> _Instructions for the task_
Given the entries that follow, write out exactly the lines starting at the one containing "picture [149, 1627, 1034, 1694]" and ending at the one containing "text Que, en", both ends included, and only those.

*** Data in this exercise ***

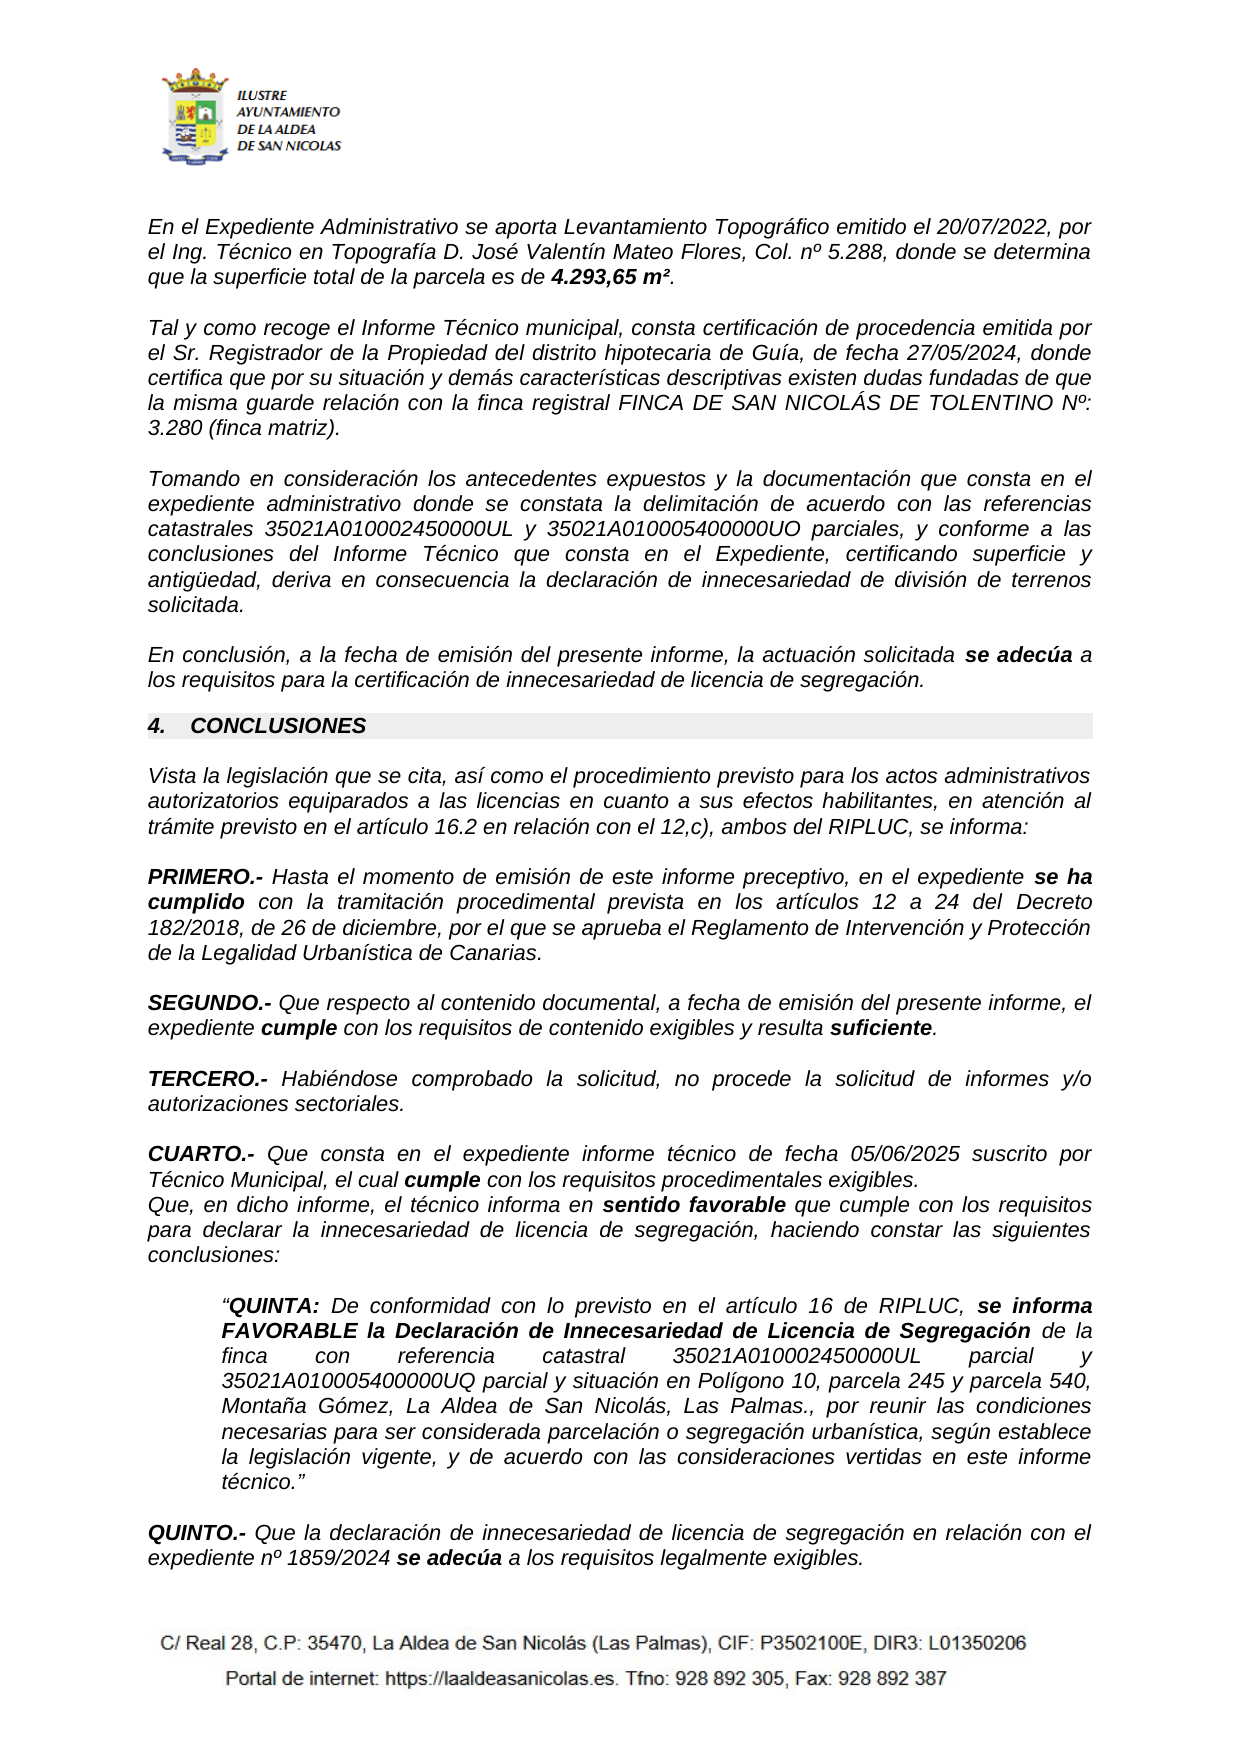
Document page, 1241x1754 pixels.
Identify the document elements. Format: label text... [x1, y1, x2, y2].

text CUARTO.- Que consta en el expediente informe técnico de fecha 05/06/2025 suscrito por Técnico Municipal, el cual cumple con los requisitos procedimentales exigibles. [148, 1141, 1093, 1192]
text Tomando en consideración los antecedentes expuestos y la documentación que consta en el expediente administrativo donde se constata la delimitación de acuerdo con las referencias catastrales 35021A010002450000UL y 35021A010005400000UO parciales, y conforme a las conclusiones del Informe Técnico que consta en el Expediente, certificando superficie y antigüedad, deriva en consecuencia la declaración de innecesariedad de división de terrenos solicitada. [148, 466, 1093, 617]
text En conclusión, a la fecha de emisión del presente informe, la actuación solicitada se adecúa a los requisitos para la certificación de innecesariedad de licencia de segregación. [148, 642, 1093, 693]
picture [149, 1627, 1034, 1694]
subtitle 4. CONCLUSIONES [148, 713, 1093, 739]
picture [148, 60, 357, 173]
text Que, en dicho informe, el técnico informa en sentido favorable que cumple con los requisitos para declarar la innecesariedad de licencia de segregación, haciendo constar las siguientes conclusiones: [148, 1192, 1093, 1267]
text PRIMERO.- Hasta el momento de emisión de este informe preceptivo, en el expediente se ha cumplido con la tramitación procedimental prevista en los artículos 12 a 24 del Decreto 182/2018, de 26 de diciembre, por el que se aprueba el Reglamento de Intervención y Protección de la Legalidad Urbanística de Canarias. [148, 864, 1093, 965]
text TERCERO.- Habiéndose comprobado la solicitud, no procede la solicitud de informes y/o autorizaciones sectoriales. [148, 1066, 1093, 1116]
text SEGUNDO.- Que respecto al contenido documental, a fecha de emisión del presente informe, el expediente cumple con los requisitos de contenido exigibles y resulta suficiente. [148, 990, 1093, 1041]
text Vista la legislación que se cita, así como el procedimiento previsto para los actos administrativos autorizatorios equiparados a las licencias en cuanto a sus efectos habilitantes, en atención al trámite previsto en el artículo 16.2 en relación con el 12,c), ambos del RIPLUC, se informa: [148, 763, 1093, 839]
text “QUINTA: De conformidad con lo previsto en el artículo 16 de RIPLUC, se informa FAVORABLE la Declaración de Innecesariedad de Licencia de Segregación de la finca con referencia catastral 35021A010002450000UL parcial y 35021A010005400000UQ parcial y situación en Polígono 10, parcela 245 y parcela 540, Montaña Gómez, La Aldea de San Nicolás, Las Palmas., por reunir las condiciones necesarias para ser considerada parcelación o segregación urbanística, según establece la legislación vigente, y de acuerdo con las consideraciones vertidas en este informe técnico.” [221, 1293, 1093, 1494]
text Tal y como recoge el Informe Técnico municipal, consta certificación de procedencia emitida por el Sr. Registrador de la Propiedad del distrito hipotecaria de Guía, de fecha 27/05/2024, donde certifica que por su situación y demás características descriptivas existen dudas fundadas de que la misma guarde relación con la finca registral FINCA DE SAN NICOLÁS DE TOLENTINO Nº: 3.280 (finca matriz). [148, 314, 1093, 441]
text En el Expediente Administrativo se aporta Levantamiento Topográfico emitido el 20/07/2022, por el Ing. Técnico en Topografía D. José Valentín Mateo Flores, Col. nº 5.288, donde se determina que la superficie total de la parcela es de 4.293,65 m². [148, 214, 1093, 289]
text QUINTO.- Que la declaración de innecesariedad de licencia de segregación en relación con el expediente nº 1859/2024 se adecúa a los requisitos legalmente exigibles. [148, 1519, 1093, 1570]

*** End of Data in this exercise ***

> _Written solution_
picture [149, 1627, 1034, 1694]
subtitle 4. CONCLUSIONES [148, 713, 1093, 739]
picture [148, 60, 357, 173]
text Que, en dicho informe, el técnico informa en sentido favorable que cumple con los requisitos para declarar la innecesariedad de licencia de segregación, haciendo constar las siguientes conclusiones: [148, 1192, 1093, 1267]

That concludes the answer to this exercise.